Canadian Conservation Institute

Agency overview
- Formed: 1972
- Type: Special operating agency
- Headquarters: Ottawa, ON
- Minister responsible: Marc Miller, Minister of Canadian Identity and Culture;
- Agency executive: Jérôme Moisan, Director General, Heritage;
- Parent department: Department of Canadian Heritage
- Website: official website

= Canadian Conservation Institute =

Special operating agency of the Department of Canadian Heritage

The Canadian Conservation Institute (CCI; Institut canadien de conservation) is a special operating agency of the federal Department of Canadian Heritage that provides research, information, and services regarding the conservation and preservation of cultural artifacts.

Materials and media it handles includes paper, textiles, metals, and glass, as well as electronic media, such as audio tape and compact discs. The CCI offices are located in the Ottawa suburb of Gloucester.

==Mission==
The CCI is recognized as a pioneer and leader in the conservation of cultural heritage in Canada. The CCI supports the heritage community in preserving Canada's heritage collections so they can be accessed by current and future generations. The CCI is charged with the duty "to promote the proper care and preservation of Canada's moveable cultural heritage, and to advance the practice, science, and technology of conservation."

==History==
The CCI originated within the National Gallery of Canada in 1957, as its Conservation and Scientific Research Division under the leadership of Dr. Nathan Stolow. In 1964, the division was granted greater autonomy and became the National Conservation Research Laboratory ("NCRL"). As a result of its success, in 1972 the NCRL was split off from the National Gallery of Canada and was renamed the Canadian Conservation Institute with Dr. Stolow as its first Director General. It now operates as an agency of the federal government of Canada, currently under the auspices of the Department of Canadian Heritage.

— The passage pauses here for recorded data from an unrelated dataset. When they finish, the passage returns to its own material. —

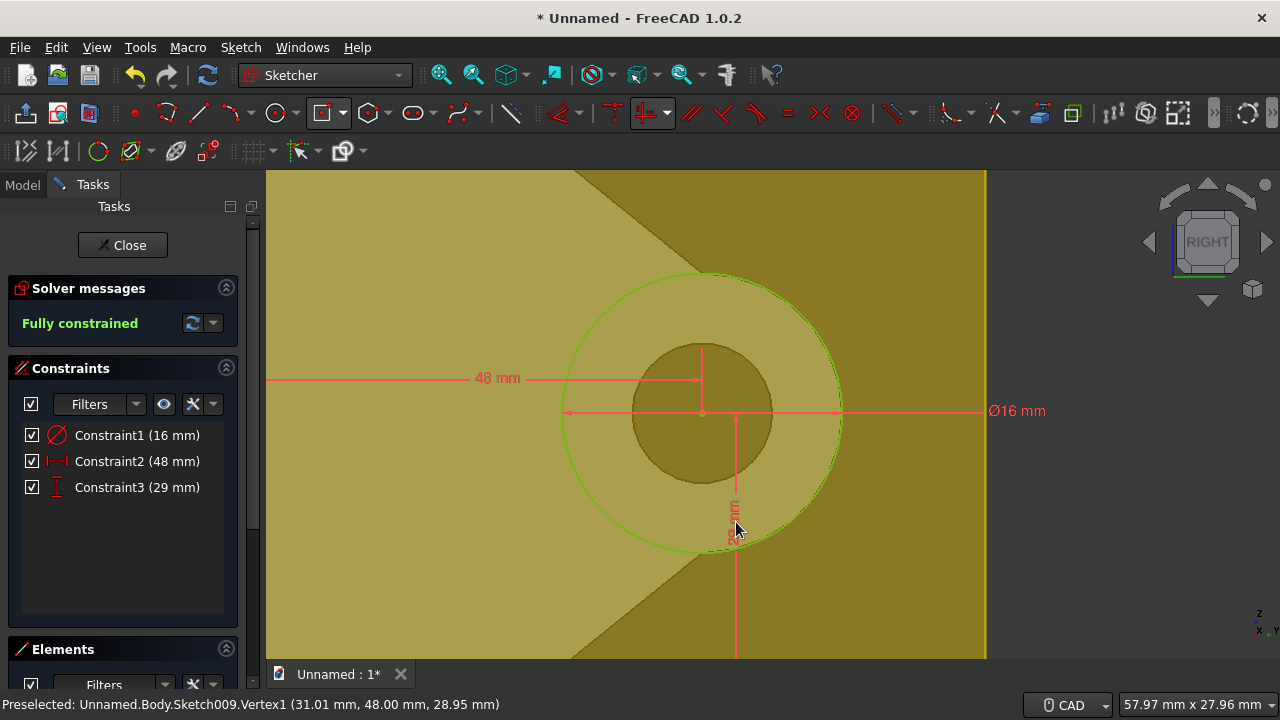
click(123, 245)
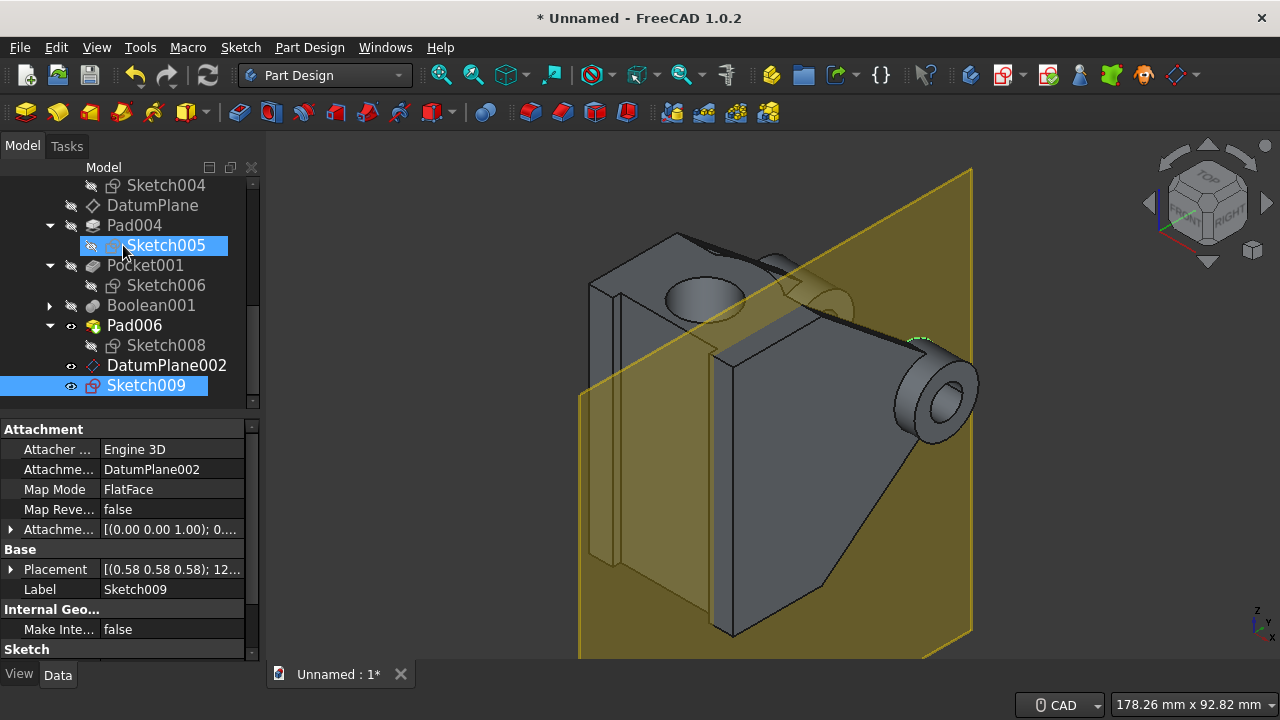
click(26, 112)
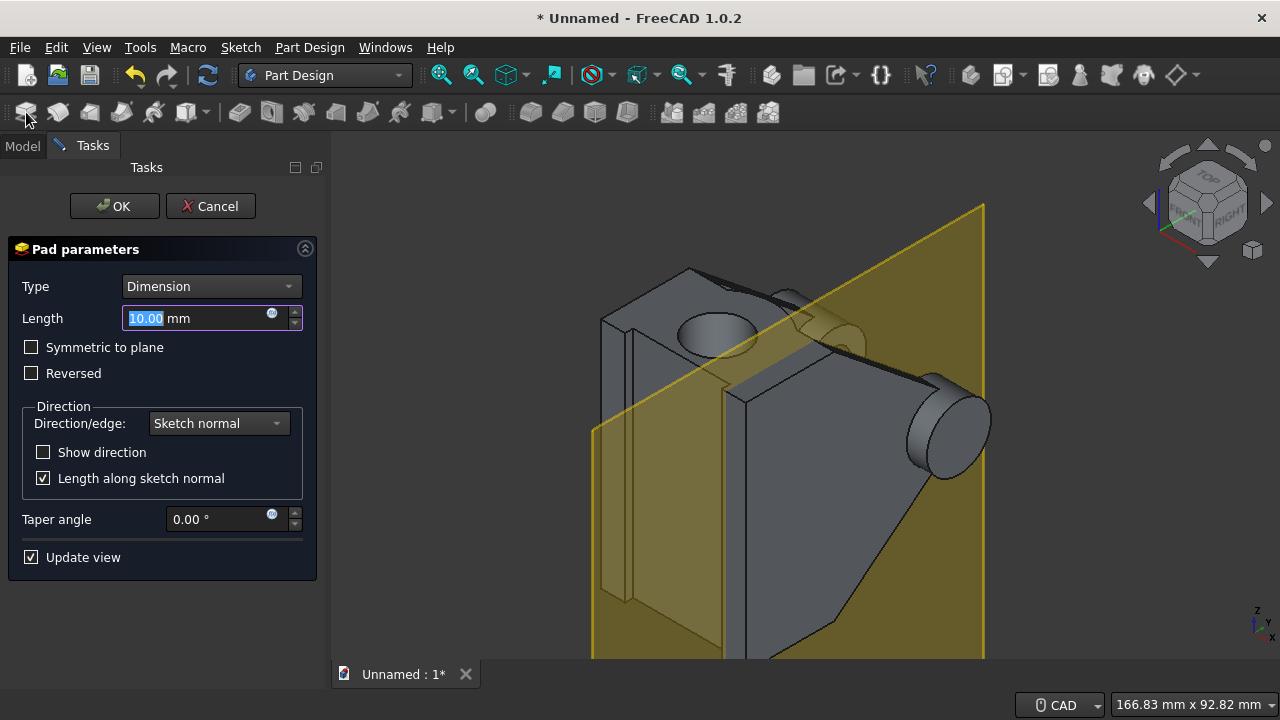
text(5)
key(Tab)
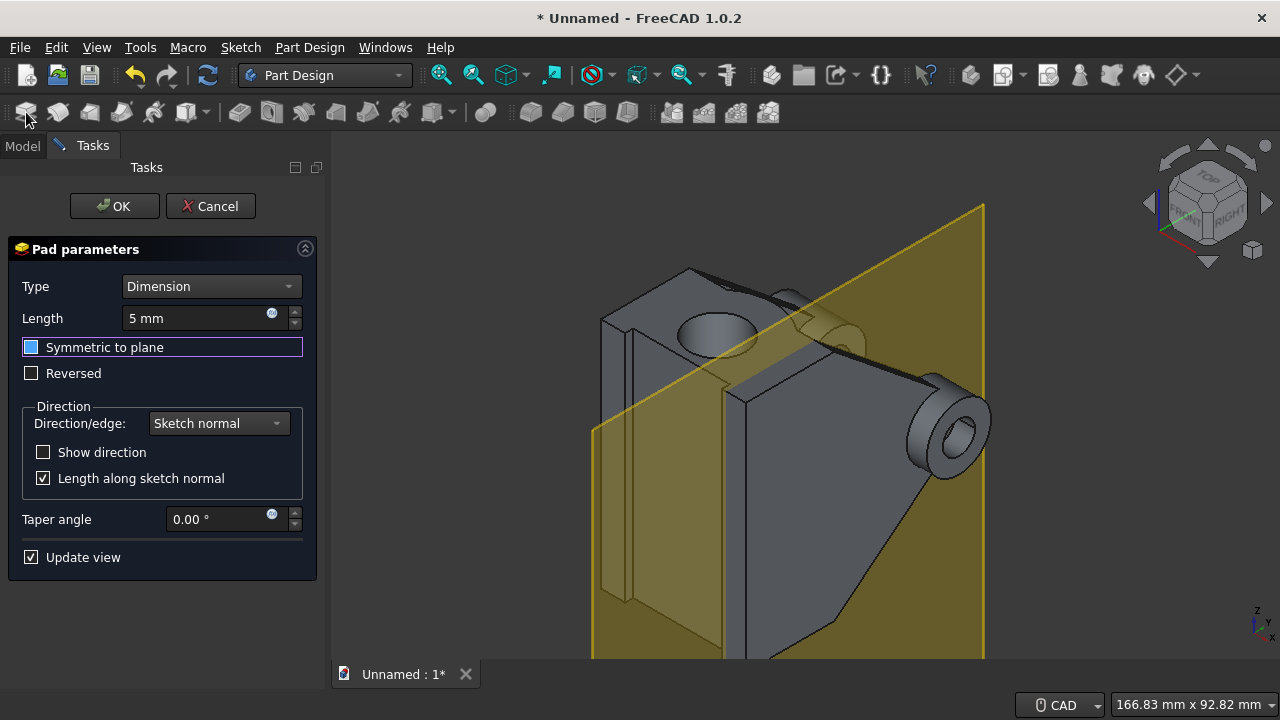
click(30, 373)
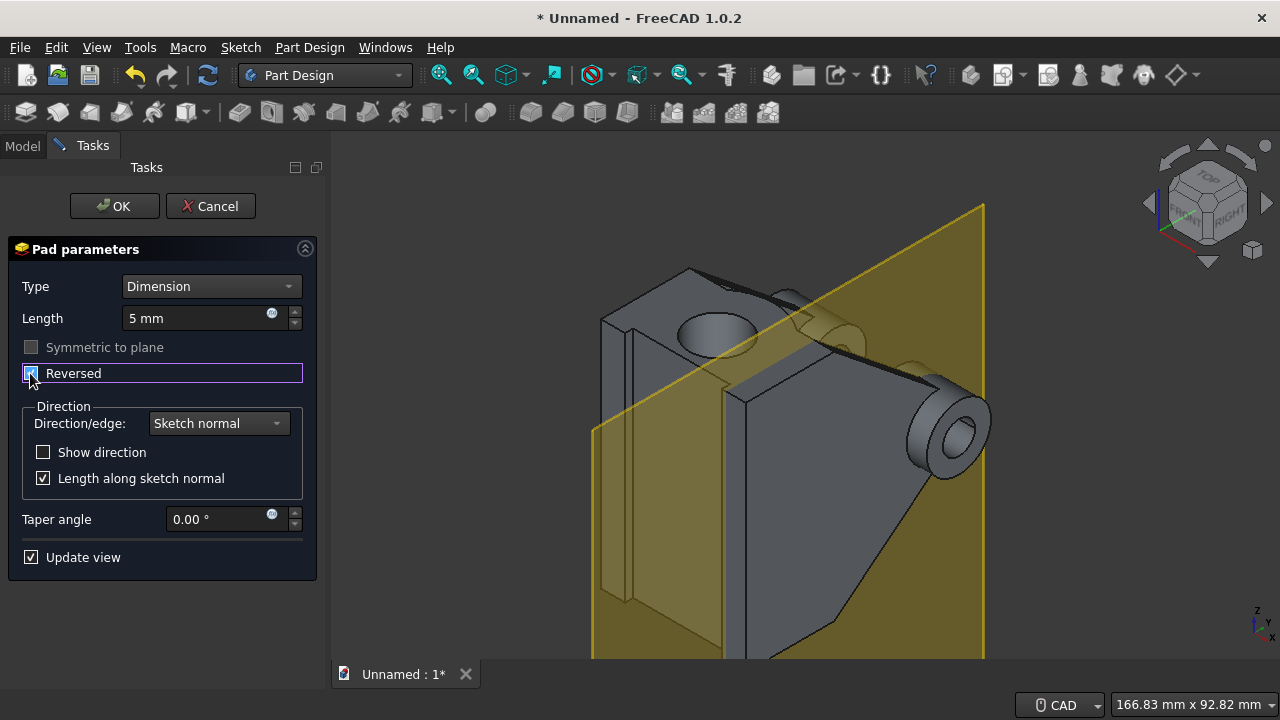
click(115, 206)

The CCI is primarily a research organization, but provides education and services on conservation and restoration-related matters. The CCI now promotes the proper care and preservation of Canada's cultural heritage and to advance the practice, science, and technology of conservation. The institute has worked closely with hundreds of Canadian museums, art galleries, archives, libraries, historic sites, academic institutions, and other heritage organizations to help them better preserve their collections. The primary role of CCI's clients is to acquire, conserve, research, communicate, and exhibit permanent heritage collections that are accessible to the Canadian public for purposes of study, education, and enjoyment. As a Special Operating Agency of the Department of Canadian Heritage, CCI has widened its scope of activities and now markets its services and products around the world. The CCI was included amongst other architecturally interesting and historically significant buildings in Doors Open Ottawa, held June 2, 2012.

==Programs==
The following are but some of the services CCI provides:

- Conservation research and laboratory services.
- Preventative and restorative conservation.
- Transportation of artifacts.
- Scientific examination and analysis of museum objects and archaeological materials.
- Advice on preserving a historic house or property.
- Collections assessment surveys.
- Advice for conservation or restoration treatment for valuable works of art.
- Conservation and restoration training.

CCI also provides project-specific teams for conservation, scientific, and testing projects. Its Paper Group works with archives and libraries in preserving and restoring their collections. Research conducted by the Paper Group includes paper bleaching, enzyme use, washing, and de-acidification. The CCI also self-publishes a variety of materials related to its work. As well, each year it publishes the CCI, the Journal of the Canadian Conservation Institute. With a staff of about 80 to 100, the CCI has treated more than 13,000 objects for the heritage community, has published hundreds of scientific papers, and has distributed in excess of one million publications. The institute responds to at least 2,000 requests for assistance annually. Working together in well-equipped, fully secure, climate-controlled laboratories, conservators, chemists, engineers, biologists, and other professionals handle projects ranging from information inquiries to complex treatments and research.